_What the task requires_
Every line of the data below should be retyped exactly, with no images carried over.
Data shown: Begin
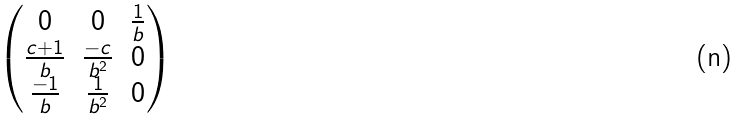Convert formula to latex. <formula><loc_0><loc_0><loc_500><loc_500>\begin{pmatrix} 0 & 0 & \frac { 1 } { b } \\ \frac { c + 1 } { b } & \frac { - c } { b ^ { 2 } } & 0 \\ \frac { - 1 } { b } & \frac { 1 } { b ^ { 2 } } & 0 \end{pmatrix}</formula> 
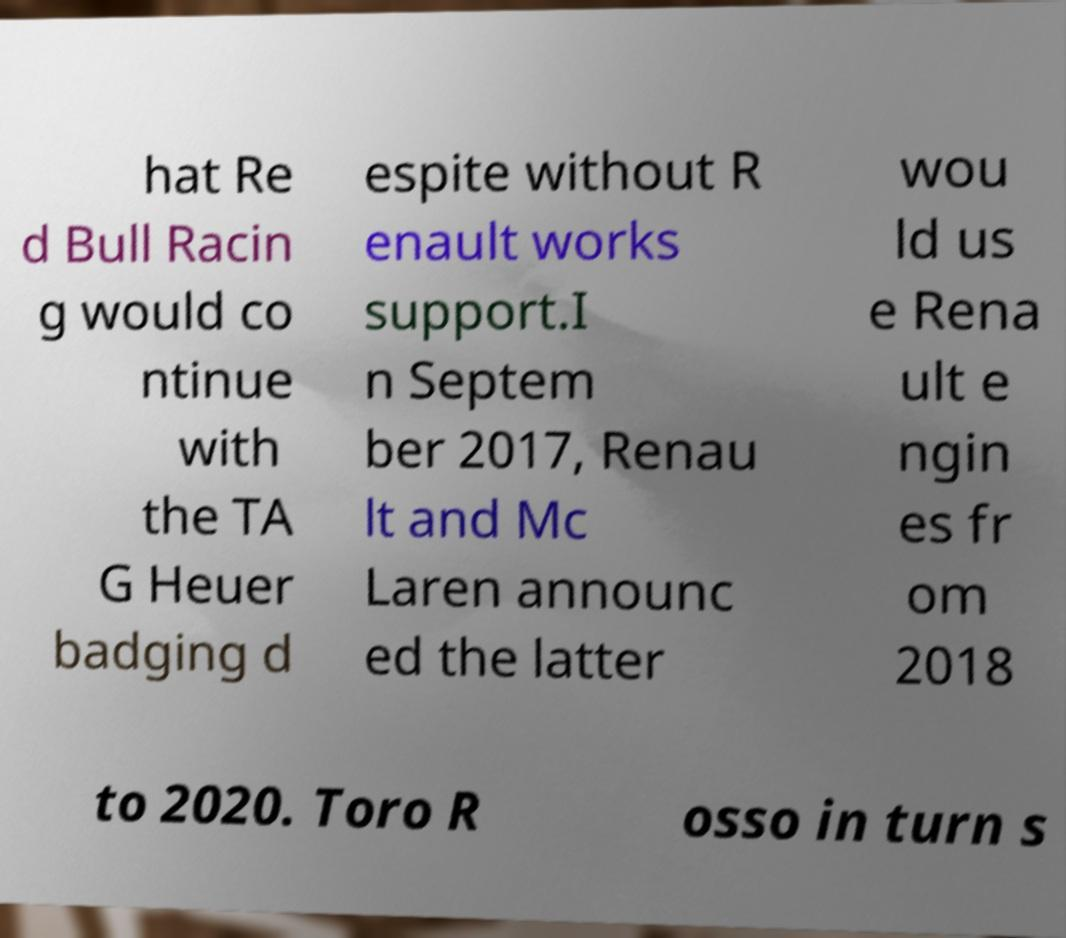I need the written content from this picture converted into text. Can you do that? hat Re d Bull Racin g would co ntinue with the TA G Heuer badging d espite without R enault works support.I n Septem ber 2017, Renau lt and Mc Laren announc ed the latter wou ld us e Rena ult e ngin es fr om 2018 to 2020. Toro R osso in turn s 
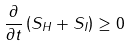<formula> <loc_0><loc_0><loc_500><loc_500>\frac { \partial } { \partial t } \left ( S _ { H } + S _ { I } \right ) \geq 0</formula> 
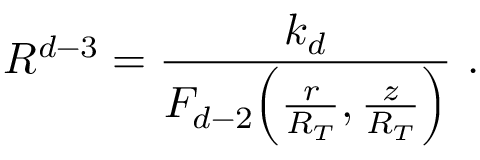Convert formula to latex. <formula><loc_0><loc_0><loc_500><loc_500>R ^ { d - 3 } = \frac { k _ { d } } { F _ { d - 2 } \left ( \frac { r } { R _ { T } } , \frac { z } { R _ { T } } \right ) } \ .</formula> 
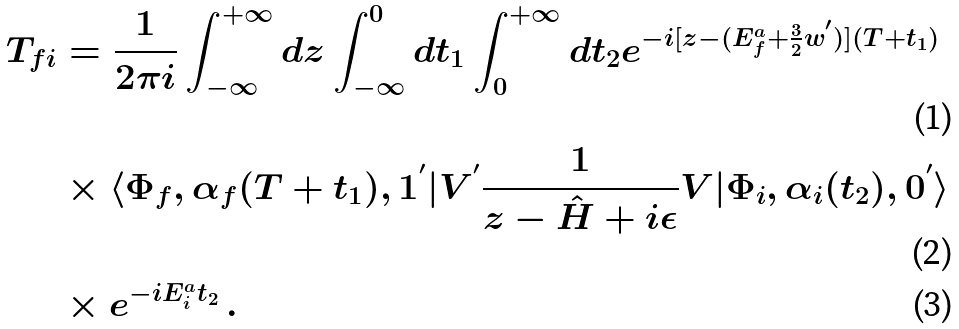Convert formula to latex. <formula><loc_0><loc_0><loc_500><loc_500>T _ { f i } & = \frac { 1 } { 2 \pi i } \int _ { - \infty } ^ { + \infty } d z \int ^ { 0 } _ { - \infty } d t _ { 1 } \int ^ { + \infty } _ { 0 } d t _ { 2 } e ^ { - i [ z - ( E ^ { a } _ { f } + \frac { 3 } { 2 } w ^ { ^ { \prime } } ) ] ( T + t _ { 1 } ) } \\ & \times \langle \Phi _ { f } , \alpha _ { f } ( T + t _ { 1 } ) , 1 ^ { ^ { \prime } } | V ^ { ^ { \prime } } \frac { 1 } { z - \hat { H } + i \epsilon } V | \Phi _ { i } , \alpha _ { i } ( t _ { 2 } ) , 0 ^ { ^ { \prime } } \rangle \\ & \times e ^ { - i E ^ { a } _ { i } t _ { 2 } } \, .</formula> 
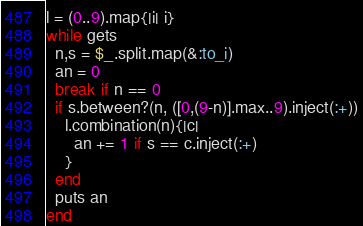<code> <loc_0><loc_0><loc_500><loc_500><_Ruby_>l = (0..9).map{|i| i}
while gets
  n,s = $_.split.map(&:to_i)
  an = 0
  break if n == 0
  if s.between?(n, ([0,(9-n)].max..9).inject(:+))
    l.combination(n){|c|
      an += 1 if s == c.inject(:+)
    }
  end
  puts an
end</code> 
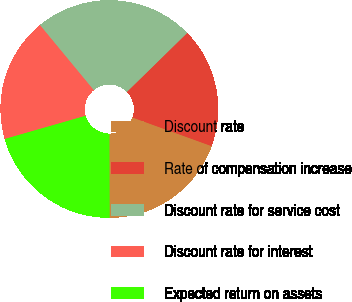<chart> <loc_0><loc_0><loc_500><loc_500><pie_chart><fcel>Discount rate<fcel>Rate of compensation increase<fcel>Discount rate for service cost<fcel>Discount rate for interest<fcel>Expected return on assets<nl><fcel>19.44%<fcel>17.85%<fcel>23.67%<fcel>18.45%<fcel>20.59%<nl></chart> 
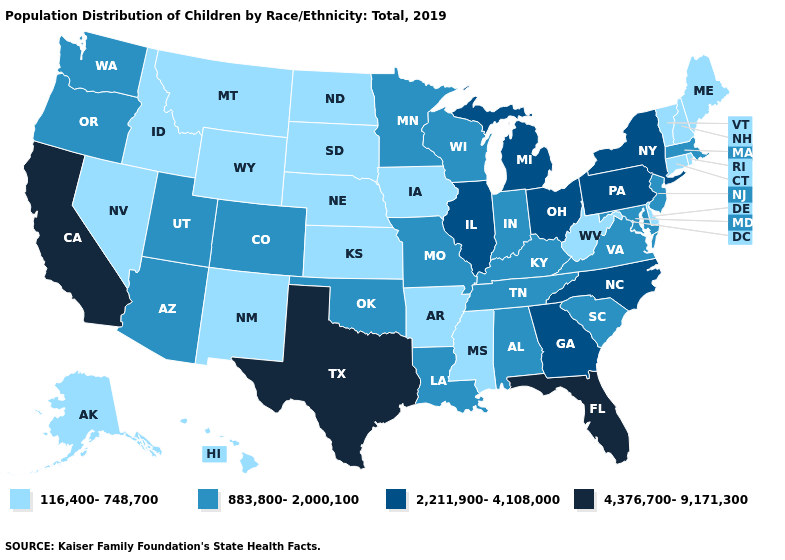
Data shown: End
_Reply to the exercise_
Convert formula to latex. <formula><loc_0><loc_0><loc_500><loc_500>\begin{pmatrix} 0 & 0 & \frac { 1 } { b } \\ \frac { c + 1 } { b } & \frac { - c } { b ^ { 2 } } & 0 \\ \frac { - 1 } { b } & \frac { 1 } { b ^ { 2 } } & 0 \end{pmatrix}</formula> 
I need the written content from this picture converted into text. Can you do that? hat Re d Bull Racin g would co ntinue with the TA G Heuer badging d espite without R enault works support.I n Septem ber 2017, Renau lt and Mc Laren announc ed the latter wou ld us e Rena ult e ngin es fr om 2018 to 2020. Toro R osso in turn s 
<formula> <loc_0><loc_0><loc_500><loc_500>\frac { \partial } { \partial t } \left ( S _ { H } + S _ { I } \right ) \geq 0</formula> 
Convert formula to latex. <formula><loc_0><loc_0><loc_500><loc_500>R ^ { d - 3 } = \frac { k _ { d } } { F _ { d - 2 } \left ( \frac { r } { R _ { T } } , \frac { z } { R _ { T } } \right ) } \ .</formula> 
Convert formula to latex. <formula><loc_0><loc_0><loc_500><loc_500>T _ { f i } & = \frac { 1 } { 2 \pi i } \int _ { - \infty } ^ { + \infty } d z \int ^ { 0 } _ { - \infty } d t _ { 1 } \int ^ { + \infty } _ { 0 } d t _ { 2 } e ^ { - i [ z - ( E ^ { a } _ { f } + \frac { 3 } { 2 } w ^ { ^ { \prime } } ) ] ( T + t _ { 1 } ) } \\ & \times \langle \Phi _ { f } , \alpha _ { f } ( T + t _ { 1 } ) , 1 ^ { ^ { \prime } } | V ^ { ^ { \prime } } \frac { 1 } { z - \hat { H } + i \epsilon } V | \Phi _ { i } , \alpha _ { i } ( t _ { 2 } ) , 0 ^ { ^ { \prime } } \rangle \\ & \times e ^ { - i E ^ { a } _ { i } t _ { 2 } } \, .</formula> 
<code> <loc_0><loc_0><loc_500><loc_500><_Ruby_>l = (0..9).map{|i| i}
while gets
  n,s = $_.split.map(&:to_i)
  an = 0
  break if n == 0
  if s.between?(n, ([0,(9-n)].max..9).inject(:+))
    l.combination(n){|c|
      an += 1 if s == c.inject(:+)
    }
  end
  puts an
end</code> 
<chart> <loc_0><loc_0><loc_500><loc_500><pie_chart><fcel>Discount rate<fcel>Rate of compensation increase<fcel>Discount rate for service cost<fcel>Discount rate for interest<fcel>Expected return on assets<nl><fcel>19.44%<fcel>17.85%<fcel>23.67%<fcel>18.45%<fcel>20.59%<nl></chart> 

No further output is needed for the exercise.